___ Data extracts
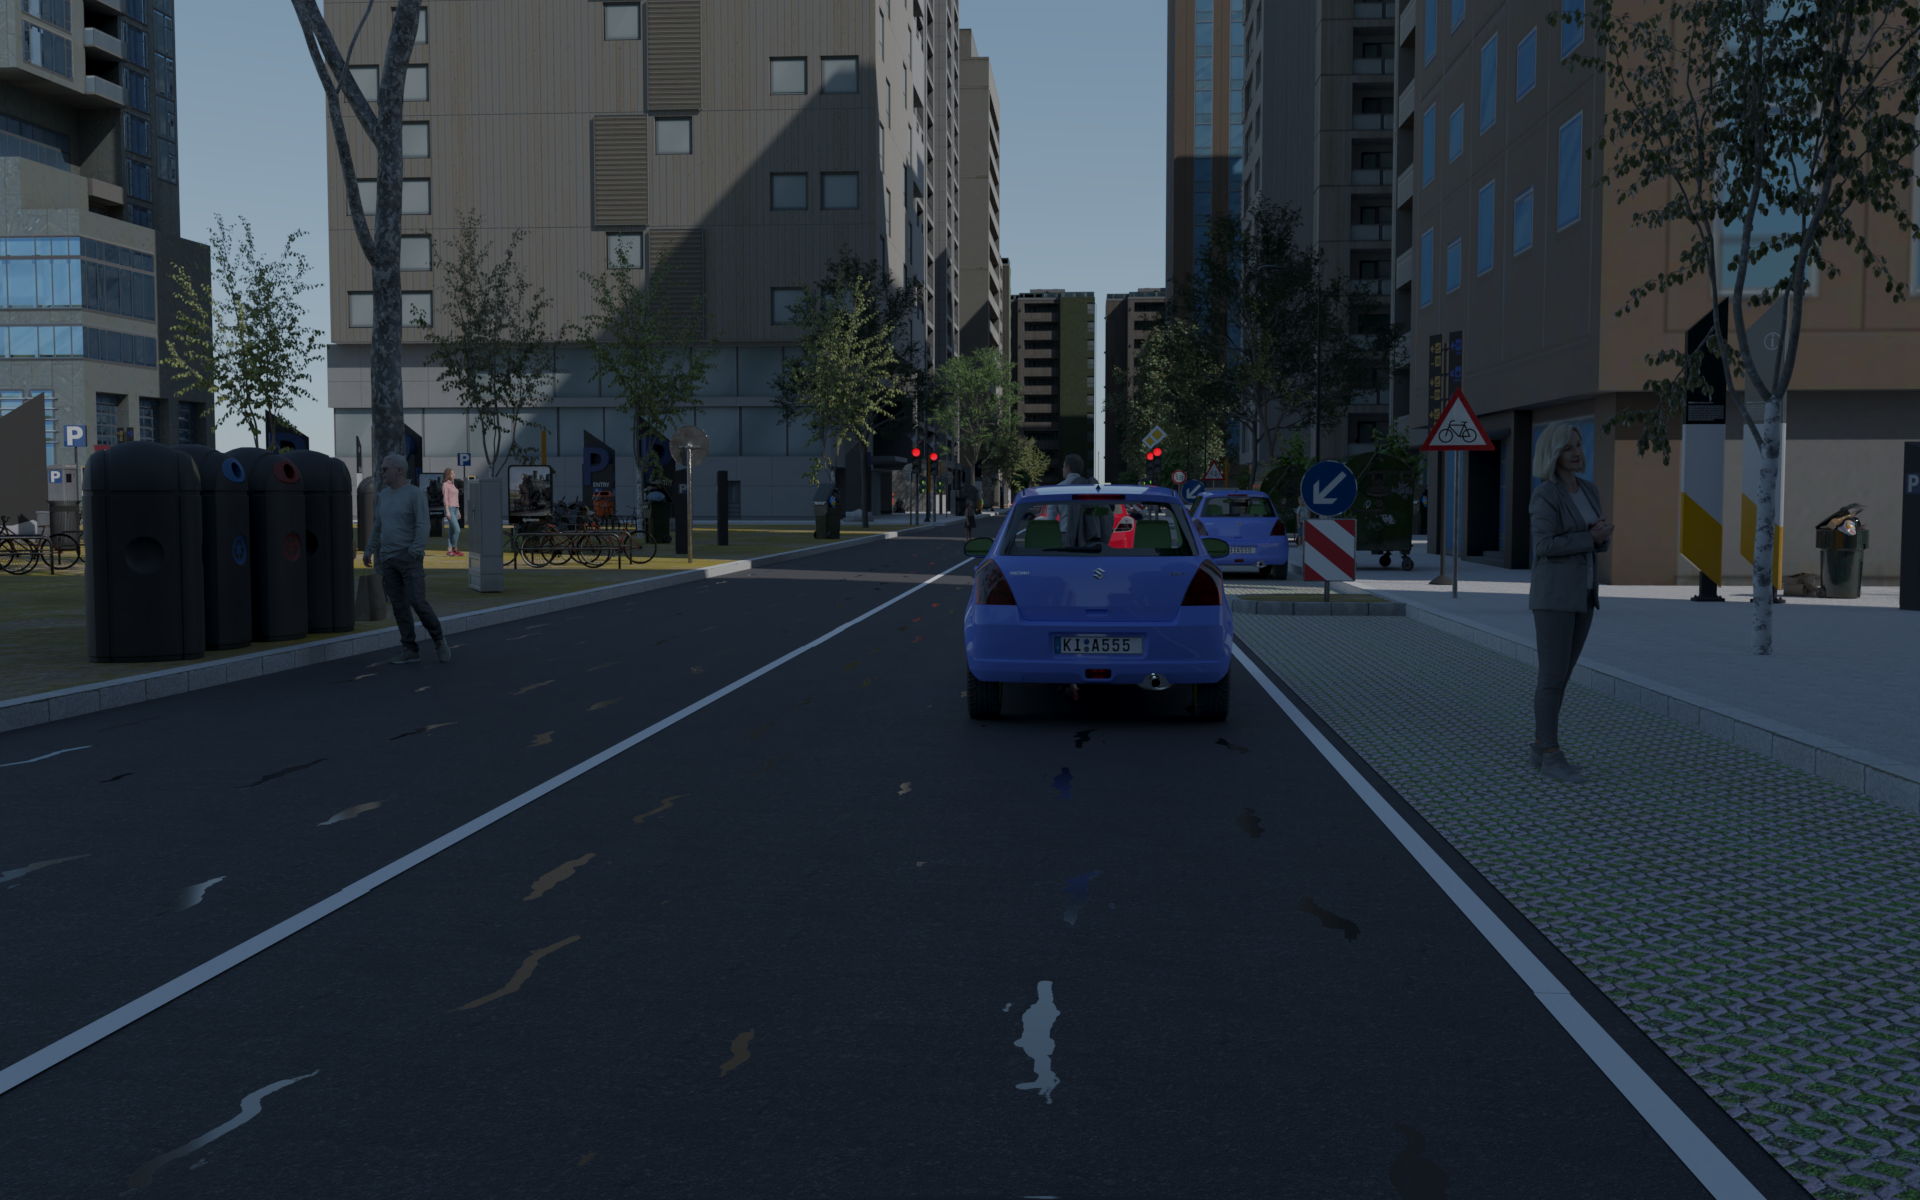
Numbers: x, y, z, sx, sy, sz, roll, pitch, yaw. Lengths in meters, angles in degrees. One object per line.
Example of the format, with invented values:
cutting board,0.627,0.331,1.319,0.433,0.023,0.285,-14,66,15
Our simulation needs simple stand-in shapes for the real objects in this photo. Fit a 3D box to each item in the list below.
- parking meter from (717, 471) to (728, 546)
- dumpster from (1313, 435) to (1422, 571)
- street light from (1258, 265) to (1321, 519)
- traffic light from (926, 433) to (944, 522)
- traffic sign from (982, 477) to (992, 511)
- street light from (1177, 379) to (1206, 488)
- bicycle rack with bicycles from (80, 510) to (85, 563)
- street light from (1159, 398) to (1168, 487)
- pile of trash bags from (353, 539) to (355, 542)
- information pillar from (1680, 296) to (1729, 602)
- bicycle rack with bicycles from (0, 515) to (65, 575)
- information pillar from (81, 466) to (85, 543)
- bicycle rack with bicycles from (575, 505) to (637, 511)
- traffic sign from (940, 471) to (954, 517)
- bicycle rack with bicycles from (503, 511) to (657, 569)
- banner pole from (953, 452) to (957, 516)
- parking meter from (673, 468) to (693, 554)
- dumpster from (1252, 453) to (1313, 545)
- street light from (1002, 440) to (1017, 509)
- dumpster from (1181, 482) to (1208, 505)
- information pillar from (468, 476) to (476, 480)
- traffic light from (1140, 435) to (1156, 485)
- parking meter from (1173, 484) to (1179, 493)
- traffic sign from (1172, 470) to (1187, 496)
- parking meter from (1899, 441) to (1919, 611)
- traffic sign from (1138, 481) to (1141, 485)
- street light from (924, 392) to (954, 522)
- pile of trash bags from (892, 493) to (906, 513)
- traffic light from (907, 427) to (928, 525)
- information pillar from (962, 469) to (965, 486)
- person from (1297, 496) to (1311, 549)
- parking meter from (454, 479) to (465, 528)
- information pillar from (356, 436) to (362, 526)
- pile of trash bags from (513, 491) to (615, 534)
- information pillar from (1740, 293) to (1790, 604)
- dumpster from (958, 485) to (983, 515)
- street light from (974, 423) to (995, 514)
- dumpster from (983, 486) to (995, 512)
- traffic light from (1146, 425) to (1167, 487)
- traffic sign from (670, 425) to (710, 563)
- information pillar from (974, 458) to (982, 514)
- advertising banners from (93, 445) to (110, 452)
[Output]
______
Work to be completed
Although the records above contain pictures, only their text is to be repeated, exactly as given.

Answer section
Numbers: x, y, z, sx, sy, sz, roll, pitch, yaw. Lengths in meters, angles in degrees. One object per line.
Example of the format, with invented values:
cutting board,0.627,0.331,1.319,0.433,0.023,0.285,-14,66,15
Our simulation needs simple stand-in shapes for the real objects in this photo. Fit a 3D box to each item in the list below.
- parking meter from (717, 471) to (728, 546)
- dumpster from (1313, 435) to (1422, 571)
- street light from (1258, 265) to (1321, 519)
- traffic light from (926, 433) to (944, 522)
- traffic sign from (982, 477) to (992, 511)
- street light from (1177, 379) to (1206, 488)
- bicycle rack with bicycles from (80, 510) to (85, 563)
- street light from (1159, 398) to (1168, 487)
- pile of trash bags from (353, 539) to (355, 542)
- information pillar from (1680, 296) to (1729, 602)
- bicycle rack with bicycles from (0, 515) to (65, 575)
- information pillar from (81, 466) to (85, 543)
- bicycle rack with bicycles from (575, 505) to (637, 511)
- traffic sign from (940, 471) to (954, 517)
- bicycle rack with bicycles from (503, 511) to (657, 569)
- banner pole from (953, 452) to (957, 516)
- parking meter from (673, 468) to (693, 554)
- dumpster from (1252, 453) to (1313, 545)
- street light from (1002, 440) to (1017, 509)
- dumpster from (1181, 482) to (1208, 505)
- information pillar from (468, 476) to (476, 480)
- traffic light from (1140, 435) to (1156, 485)
- parking meter from (1173, 484) to (1179, 493)
- traffic sign from (1172, 470) to (1187, 496)
- parking meter from (1899, 441) to (1919, 611)
- traffic sign from (1138, 481) to (1141, 485)
- street light from (924, 392) to (954, 522)
- pile of trash bags from (892, 493) to (906, 513)
- traffic light from (907, 427) to (928, 525)
- information pillar from (962, 469) to (965, 486)
- person from (1297, 496) to (1311, 549)
- parking meter from (454, 479) to (465, 528)
- information pillar from (356, 436) to (362, 526)
- pile of trash bags from (513, 491) to (615, 534)
- information pillar from (1740, 293) to (1790, 604)
- dumpster from (958, 485) to (983, 515)
- street light from (974, 423) to (995, 514)
- dumpster from (983, 486) to (995, 512)
- traffic light from (1146, 425) to (1167, 487)
- traffic sign from (670, 425) to (710, 563)
- information pillar from (974, 458) to (982, 514)
- advertising banners from (93, 445) to (110, 452)
[Output]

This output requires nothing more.